Records from a dataset

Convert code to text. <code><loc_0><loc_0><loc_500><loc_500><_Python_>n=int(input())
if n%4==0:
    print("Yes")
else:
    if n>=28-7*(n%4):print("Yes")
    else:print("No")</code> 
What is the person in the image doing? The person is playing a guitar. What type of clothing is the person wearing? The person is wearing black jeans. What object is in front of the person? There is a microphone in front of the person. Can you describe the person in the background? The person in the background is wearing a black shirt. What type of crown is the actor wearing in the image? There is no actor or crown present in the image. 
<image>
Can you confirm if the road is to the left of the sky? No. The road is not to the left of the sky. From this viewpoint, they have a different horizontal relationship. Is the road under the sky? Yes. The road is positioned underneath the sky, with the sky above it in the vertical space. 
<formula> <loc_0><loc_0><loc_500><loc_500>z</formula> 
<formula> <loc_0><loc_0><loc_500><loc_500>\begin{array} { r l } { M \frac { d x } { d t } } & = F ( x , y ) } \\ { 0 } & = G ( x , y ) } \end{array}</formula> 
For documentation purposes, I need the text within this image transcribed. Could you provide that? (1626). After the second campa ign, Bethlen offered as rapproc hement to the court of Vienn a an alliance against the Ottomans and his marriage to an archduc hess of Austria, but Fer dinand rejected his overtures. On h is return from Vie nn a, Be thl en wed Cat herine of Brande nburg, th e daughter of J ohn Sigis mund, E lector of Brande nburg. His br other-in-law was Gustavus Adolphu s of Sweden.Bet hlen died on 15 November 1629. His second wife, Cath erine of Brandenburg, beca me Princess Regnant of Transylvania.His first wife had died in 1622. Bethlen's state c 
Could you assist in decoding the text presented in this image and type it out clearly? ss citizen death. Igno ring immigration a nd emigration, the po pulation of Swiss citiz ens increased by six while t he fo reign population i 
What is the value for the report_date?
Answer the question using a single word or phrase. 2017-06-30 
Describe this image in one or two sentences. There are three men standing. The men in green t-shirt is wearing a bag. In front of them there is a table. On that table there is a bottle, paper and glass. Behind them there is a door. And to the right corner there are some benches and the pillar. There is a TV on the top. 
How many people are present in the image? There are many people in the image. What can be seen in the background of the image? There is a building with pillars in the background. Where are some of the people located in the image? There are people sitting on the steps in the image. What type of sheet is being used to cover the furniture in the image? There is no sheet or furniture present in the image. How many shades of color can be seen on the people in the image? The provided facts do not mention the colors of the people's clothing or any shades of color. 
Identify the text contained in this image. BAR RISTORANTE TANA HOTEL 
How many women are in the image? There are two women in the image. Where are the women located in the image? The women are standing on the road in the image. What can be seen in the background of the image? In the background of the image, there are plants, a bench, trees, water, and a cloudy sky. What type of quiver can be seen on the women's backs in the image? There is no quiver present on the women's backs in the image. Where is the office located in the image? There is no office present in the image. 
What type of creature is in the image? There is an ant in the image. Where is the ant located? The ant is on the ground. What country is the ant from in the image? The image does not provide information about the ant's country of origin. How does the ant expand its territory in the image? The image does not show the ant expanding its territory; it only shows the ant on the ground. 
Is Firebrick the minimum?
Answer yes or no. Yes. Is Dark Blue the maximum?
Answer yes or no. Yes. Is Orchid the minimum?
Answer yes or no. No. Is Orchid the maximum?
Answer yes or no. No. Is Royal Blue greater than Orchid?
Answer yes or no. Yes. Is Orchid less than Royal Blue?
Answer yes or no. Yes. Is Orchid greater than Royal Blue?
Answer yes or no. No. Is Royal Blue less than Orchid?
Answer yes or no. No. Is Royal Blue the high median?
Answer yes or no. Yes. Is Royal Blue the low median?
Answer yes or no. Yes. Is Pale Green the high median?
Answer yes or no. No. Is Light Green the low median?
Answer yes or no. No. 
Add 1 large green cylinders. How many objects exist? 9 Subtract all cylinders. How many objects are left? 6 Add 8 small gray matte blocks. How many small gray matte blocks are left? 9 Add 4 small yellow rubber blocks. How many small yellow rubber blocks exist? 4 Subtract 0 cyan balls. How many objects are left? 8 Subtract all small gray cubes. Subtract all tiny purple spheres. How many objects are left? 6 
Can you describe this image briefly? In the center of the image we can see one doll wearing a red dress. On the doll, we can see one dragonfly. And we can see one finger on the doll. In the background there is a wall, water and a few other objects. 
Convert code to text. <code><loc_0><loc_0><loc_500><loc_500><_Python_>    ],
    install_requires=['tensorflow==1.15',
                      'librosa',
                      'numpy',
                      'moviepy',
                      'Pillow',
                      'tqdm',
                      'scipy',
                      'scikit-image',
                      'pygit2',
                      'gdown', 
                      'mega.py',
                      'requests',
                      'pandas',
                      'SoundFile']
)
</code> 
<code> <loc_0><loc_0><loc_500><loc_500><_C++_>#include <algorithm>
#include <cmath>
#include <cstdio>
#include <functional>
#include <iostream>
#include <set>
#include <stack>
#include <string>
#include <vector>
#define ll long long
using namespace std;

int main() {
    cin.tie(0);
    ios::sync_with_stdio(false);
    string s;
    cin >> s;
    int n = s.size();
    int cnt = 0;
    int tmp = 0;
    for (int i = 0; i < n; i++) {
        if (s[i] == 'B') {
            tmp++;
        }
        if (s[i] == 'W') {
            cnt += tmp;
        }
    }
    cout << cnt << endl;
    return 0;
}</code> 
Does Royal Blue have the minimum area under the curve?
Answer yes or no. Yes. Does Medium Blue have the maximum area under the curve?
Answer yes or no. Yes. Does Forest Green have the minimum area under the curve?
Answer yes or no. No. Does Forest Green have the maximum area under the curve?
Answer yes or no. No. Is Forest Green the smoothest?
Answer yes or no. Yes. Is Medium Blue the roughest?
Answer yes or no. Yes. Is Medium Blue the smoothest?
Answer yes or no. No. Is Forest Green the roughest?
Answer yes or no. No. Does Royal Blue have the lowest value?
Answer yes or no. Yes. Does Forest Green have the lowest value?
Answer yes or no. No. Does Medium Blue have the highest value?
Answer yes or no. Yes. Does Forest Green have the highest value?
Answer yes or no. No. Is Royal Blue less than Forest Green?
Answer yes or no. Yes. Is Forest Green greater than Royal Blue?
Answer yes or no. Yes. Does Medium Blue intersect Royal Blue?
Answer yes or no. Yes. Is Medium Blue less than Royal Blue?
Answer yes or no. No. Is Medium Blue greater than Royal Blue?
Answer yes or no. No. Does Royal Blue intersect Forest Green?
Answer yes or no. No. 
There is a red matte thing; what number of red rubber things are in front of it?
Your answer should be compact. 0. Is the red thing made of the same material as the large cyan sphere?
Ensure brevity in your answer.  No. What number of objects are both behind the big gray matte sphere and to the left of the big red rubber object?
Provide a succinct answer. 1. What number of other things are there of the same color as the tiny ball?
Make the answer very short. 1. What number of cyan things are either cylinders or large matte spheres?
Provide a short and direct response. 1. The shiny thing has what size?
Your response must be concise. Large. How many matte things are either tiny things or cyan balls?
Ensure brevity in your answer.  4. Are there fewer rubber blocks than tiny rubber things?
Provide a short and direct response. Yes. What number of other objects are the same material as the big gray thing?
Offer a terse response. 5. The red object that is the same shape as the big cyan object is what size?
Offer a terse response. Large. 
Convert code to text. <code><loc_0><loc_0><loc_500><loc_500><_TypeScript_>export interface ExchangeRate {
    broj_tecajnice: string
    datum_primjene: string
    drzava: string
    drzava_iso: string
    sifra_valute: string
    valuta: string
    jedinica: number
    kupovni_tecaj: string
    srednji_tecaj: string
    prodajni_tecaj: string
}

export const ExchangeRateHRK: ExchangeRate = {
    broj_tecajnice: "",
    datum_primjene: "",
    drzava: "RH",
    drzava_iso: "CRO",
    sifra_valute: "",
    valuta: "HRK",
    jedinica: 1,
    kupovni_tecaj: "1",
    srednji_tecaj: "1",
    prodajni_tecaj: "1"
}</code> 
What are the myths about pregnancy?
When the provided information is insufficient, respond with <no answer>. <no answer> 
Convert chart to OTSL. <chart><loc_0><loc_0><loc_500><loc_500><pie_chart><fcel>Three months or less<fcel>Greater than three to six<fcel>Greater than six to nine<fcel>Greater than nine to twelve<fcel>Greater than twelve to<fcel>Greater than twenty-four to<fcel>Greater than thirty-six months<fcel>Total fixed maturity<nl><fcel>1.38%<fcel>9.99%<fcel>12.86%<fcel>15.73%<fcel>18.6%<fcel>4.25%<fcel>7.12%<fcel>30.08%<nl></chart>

- [EXERCISE DESCRIPTION]
Your answer must be the lines above from the one containing "Answer yes or no. Yes. Is Medium Blue less" to the one containing "When the provided", both included, restated word for word.

- [WORKED SOLUTION]
Answer yes or no. Yes. Is Medium Blue less than Royal Blue?
Answer yes or no. No. Is Medium Blue greater than Royal Blue?
Answer yes or no. No. Does Royal Blue intersect Forest Green?
Answer yes or no. No. 
There is a red matte thing; what number of red rubber things are in front of it?
Your answer should be compact. 0. Is the red thing made of the same material as the large cyan sphere?
Ensure brevity in your answer.  No. What number of objects are both behind the big gray matte sphere and to the left of the big red rubber object?
Provide a succinct answer. 1. What number of other things are there of the same color as the tiny ball?
Make the answer very short. 1. What number of cyan things are either cylinders or large matte spheres?
Provide a short and direct response. 1. The shiny thing has what size?
Your response must be concise. Large. How many matte things are either tiny things or cyan balls?
Ensure brevity in your answer.  4. Are there fewer rubber blocks than tiny rubber things?
Provide a short and direct response. Yes. What number of other objects are the same material as the big gray thing?
Offer a terse response. 5. The red object that is the same shape as the big cyan object is what size?
Offer a terse response. Large. 
Convert code to text. <code><loc_0><loc_0><loc_500><loc_500><_TypeScript_>export interface ExchangeRate {
    broj_tecajnice: string
    datum_primjene: string
    drzava: string
    drzava_iso: string
    sifra_valute: string
    valuta: string
    jedinica: number
    kupovni_tecaj: string
    srednji_tecaj: string
    prodajni_tecaj: string
}

export const ExchangeRateHRK: ExchangeRate = {
    broj_tecajnice: "",
    datum_primjene: "",
    drzava: "RH",
    drzava_iso: "CRO",
    sifra_valute: "",
    valuta: "HRK",
    jedinica: 1,
    kupovni_tecaj: "1",
    srednji_tecaj: "1",
    prodajni_tecaj: "1"
}</code> 
What are the myths about pregnancy?
When the provided information is insufficient, respond with <no answer>. <no answer> 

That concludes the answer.